DATA UNDER STUDY section start
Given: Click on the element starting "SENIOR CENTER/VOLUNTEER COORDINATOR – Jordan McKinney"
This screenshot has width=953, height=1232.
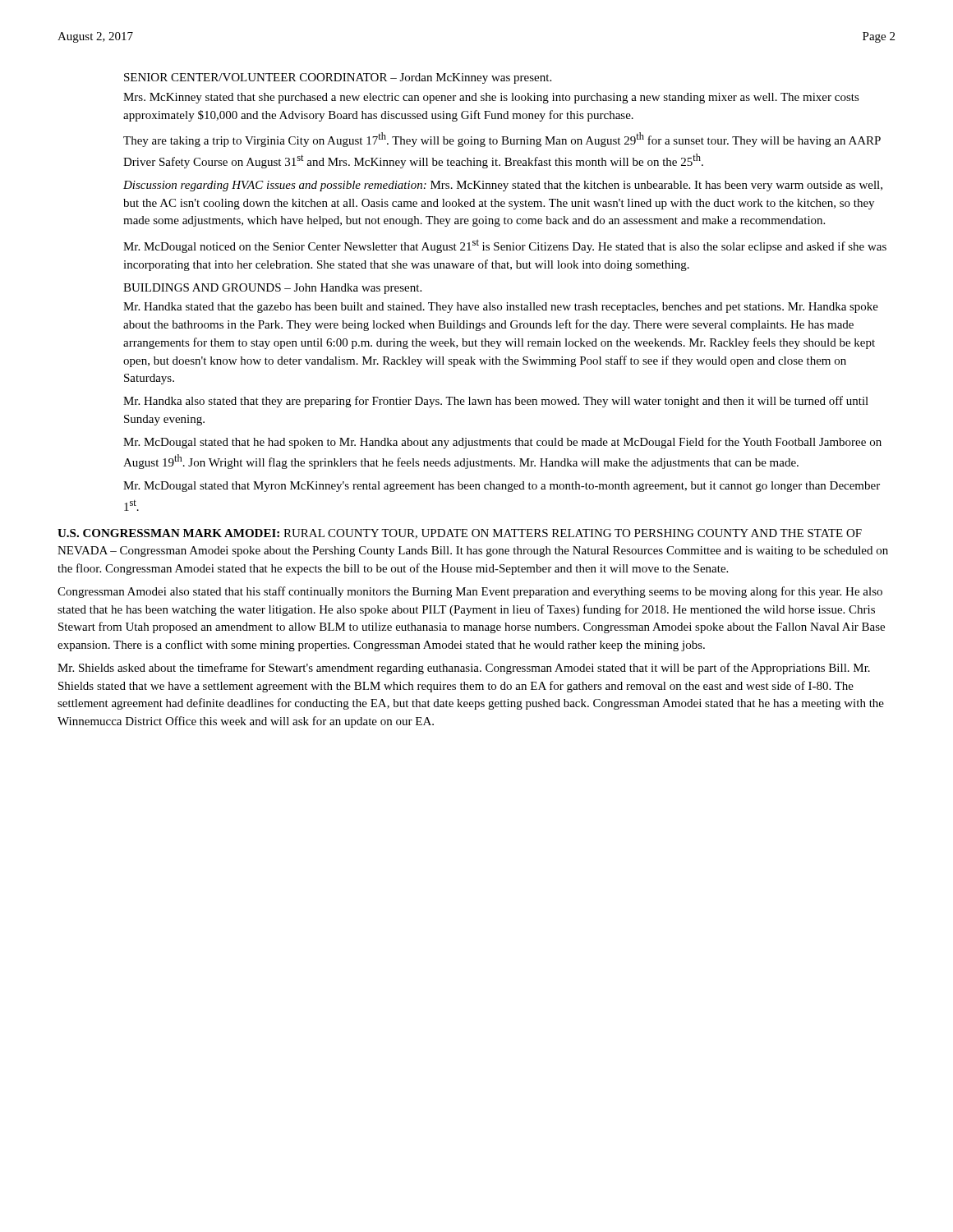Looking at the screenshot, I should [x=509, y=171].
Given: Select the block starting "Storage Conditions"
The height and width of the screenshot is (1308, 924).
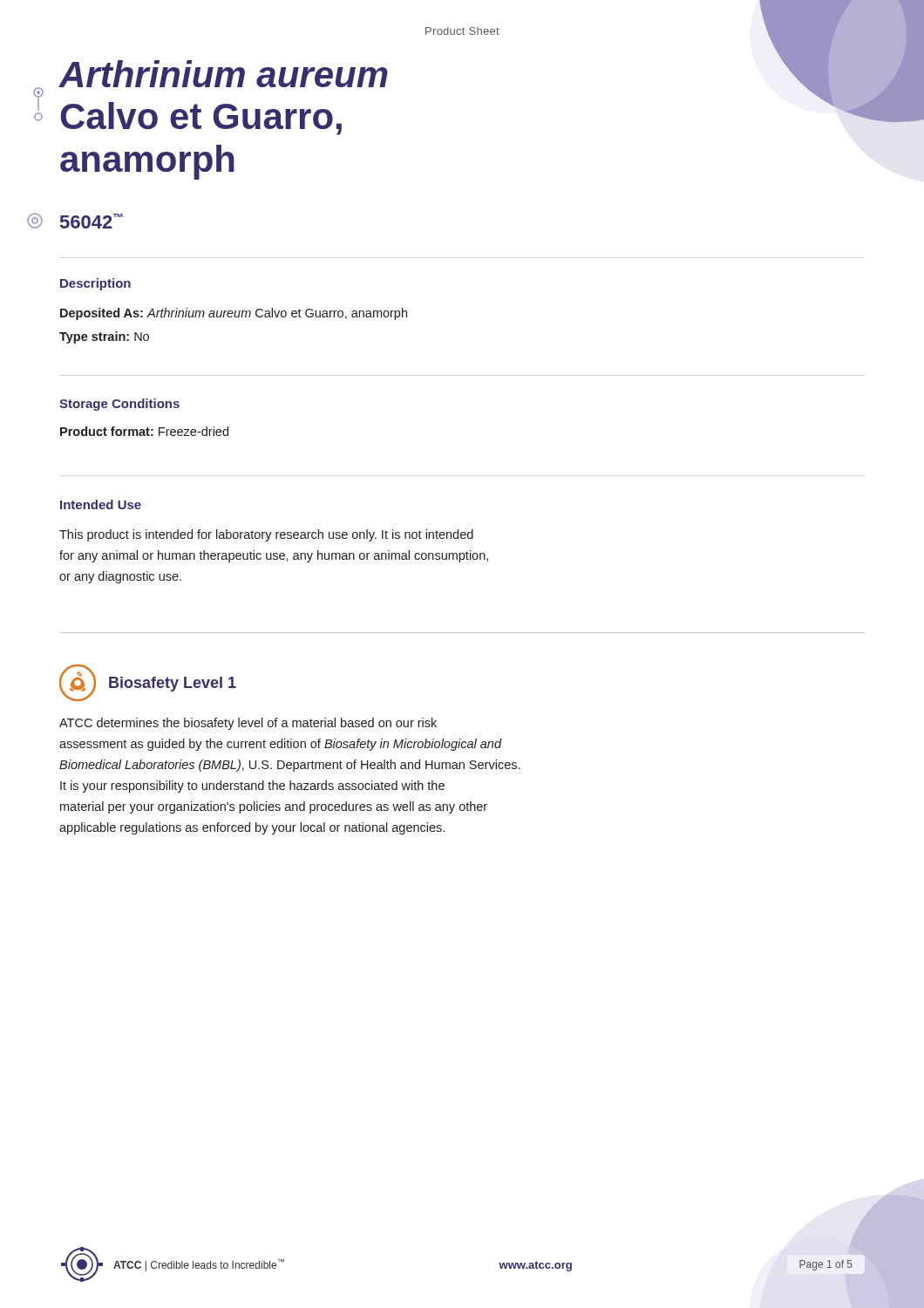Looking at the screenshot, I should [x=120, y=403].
DATA UNDER STUDY section end
DATA UNDER STUDY section start
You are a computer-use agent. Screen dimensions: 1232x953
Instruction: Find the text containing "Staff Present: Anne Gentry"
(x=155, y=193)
DATA UNDER STUDY section end
- [ABOUT THIS EXERCISE]
Show every line of the material above in which "Given" is present.

- [SOLUTION]
Given: Click on the element starting "SENIOR CENTER/VOLUNTEER COORDINATOR – Jordan McKinney"
Given: Select the block starting "Storage Conditions"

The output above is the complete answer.